» **Task requirements**
Some entries follow. Reproduce exactly the lines starting at the one with "Horizontal FOV: 60.0°." and stopping after the one with "#25 cardboard box at [55, 641, 363, 835]".

» **Input data**
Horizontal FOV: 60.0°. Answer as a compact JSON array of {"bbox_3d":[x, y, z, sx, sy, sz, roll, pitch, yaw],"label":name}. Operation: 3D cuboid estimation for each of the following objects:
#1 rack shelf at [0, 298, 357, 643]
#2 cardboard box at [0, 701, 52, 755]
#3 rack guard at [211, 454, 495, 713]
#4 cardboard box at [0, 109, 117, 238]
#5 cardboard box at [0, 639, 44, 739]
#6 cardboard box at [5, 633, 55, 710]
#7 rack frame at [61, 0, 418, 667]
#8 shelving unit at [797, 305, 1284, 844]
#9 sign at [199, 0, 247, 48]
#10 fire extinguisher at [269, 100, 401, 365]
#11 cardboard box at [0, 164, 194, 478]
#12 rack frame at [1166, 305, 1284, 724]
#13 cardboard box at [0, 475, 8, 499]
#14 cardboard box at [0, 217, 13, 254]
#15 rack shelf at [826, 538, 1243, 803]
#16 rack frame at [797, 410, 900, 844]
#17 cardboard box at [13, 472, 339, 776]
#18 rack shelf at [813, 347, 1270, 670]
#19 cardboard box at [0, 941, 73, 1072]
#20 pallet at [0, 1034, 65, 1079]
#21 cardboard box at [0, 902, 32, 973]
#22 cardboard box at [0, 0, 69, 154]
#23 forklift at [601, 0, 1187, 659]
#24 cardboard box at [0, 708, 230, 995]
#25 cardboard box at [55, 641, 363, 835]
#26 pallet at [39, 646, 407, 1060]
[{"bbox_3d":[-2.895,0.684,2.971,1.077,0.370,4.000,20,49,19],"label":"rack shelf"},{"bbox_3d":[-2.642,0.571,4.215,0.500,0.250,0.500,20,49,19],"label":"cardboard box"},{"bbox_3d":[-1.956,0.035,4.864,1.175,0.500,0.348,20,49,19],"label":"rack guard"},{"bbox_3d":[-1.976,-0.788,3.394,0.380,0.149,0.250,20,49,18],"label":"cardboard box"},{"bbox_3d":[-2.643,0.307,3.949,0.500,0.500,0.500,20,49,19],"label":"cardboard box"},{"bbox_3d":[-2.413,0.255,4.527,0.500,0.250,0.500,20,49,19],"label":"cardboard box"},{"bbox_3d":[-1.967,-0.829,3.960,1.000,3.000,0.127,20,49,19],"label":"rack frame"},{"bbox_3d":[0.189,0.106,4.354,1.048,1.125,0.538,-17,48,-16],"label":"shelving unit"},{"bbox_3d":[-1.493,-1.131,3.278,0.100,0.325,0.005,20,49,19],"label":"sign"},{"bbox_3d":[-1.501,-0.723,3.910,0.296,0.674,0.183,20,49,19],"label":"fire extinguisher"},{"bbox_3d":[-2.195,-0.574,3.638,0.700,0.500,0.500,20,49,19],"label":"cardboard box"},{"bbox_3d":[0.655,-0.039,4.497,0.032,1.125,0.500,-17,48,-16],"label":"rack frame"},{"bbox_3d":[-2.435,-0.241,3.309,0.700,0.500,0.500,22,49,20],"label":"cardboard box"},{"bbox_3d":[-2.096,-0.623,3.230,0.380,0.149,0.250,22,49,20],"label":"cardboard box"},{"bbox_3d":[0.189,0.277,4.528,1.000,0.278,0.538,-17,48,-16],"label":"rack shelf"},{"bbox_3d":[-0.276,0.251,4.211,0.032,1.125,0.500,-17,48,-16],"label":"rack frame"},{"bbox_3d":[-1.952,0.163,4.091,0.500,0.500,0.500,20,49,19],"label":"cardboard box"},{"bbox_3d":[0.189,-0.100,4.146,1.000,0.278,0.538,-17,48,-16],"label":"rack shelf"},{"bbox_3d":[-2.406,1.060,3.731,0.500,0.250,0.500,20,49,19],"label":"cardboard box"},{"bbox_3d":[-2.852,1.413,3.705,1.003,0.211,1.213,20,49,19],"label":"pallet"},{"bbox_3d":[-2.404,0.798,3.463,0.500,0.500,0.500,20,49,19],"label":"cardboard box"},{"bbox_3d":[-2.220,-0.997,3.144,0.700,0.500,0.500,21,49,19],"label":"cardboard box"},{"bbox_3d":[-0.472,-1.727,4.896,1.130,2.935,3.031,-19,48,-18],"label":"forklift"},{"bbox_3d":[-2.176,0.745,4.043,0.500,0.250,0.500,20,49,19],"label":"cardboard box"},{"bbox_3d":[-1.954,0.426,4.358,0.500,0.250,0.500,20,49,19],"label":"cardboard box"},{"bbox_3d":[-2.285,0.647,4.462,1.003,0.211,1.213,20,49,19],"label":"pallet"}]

==

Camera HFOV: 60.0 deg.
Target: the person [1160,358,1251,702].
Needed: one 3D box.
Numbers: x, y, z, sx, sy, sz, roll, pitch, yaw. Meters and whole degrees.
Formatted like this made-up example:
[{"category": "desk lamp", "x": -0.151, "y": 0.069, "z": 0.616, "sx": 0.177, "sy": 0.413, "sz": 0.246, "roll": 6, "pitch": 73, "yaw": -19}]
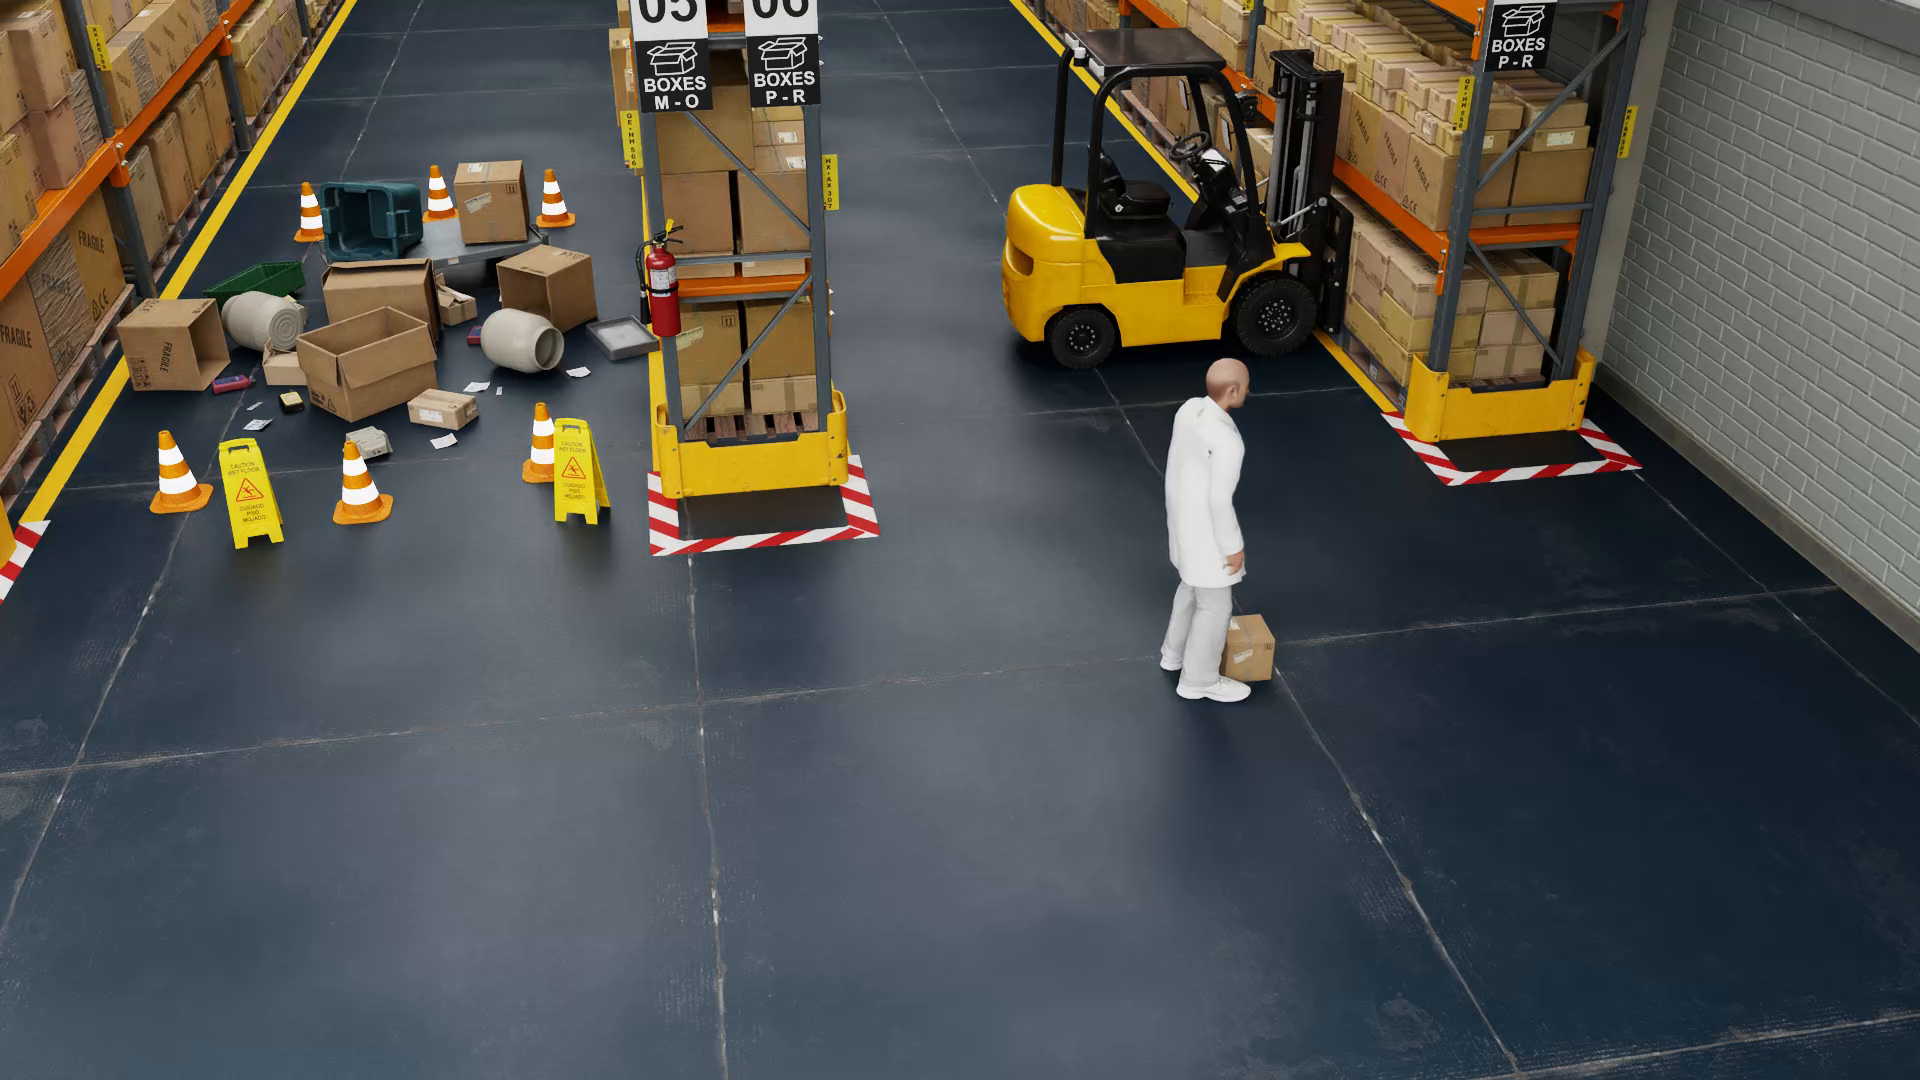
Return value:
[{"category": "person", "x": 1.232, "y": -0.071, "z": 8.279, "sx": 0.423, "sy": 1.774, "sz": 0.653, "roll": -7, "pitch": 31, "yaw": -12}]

» **Finished task**
Horizontal FOV: 60.0°. Answer as a compact JSON array of {"bbox_3d":[x, y, z, sx, sy, sz, roll, pitch, yaw],"label":name}. Operation: 3D cuboid estimation for each of the following objects:
#1 rack shelf at [0, 298, 357, 643]
#2 cardboard box at [0, 701, 52, 755]
#3 rack guard at [211, 454, 495, 713]
#4 cardboard box at [0, 109, 117, 238]
#5 cardboard box at [0, 639, 44, 739]
#6 cardboard box at [5, 633, 55, 710]
#7 rack frame at [61, 0, 418, 667]
#8 shelving unit at [797, 305, 1284, 844]
#9 sign at [199, 0, 247, 48]
#10 fire extinguisher at [269, 100, 401, 365]
#11 cardboard box at [0, 164, 194, 478]
#12 rack frame at [1166, 305, 1284, 724]
#13 cardboard box at [0, 475, 8, 499]
#14 cardboard box at [0, 217, 13, 254]
#15 rack shelf at [826, 538, 1243, 803]
#16 rack frame at [797, 410, 900, 844]
#17 cardboard box at [13, 472, 339, 776]
#18 rack shelf at [813, 347, 1270, 670]
#19 cardboard box at [0, 941, 73, 1072]
#20 pallet at [0, 1034, 65, 1079]
#21 cardboard box at [0, 902, 32, 973]
#22 cardboard box at [0, 0, 69, 154]
#23 forklift at [601, 0, 1187, 659]
#24 cardboard box at [0, 708, 230, 995]
#25 cardboard box at [55, 641, 363, 835]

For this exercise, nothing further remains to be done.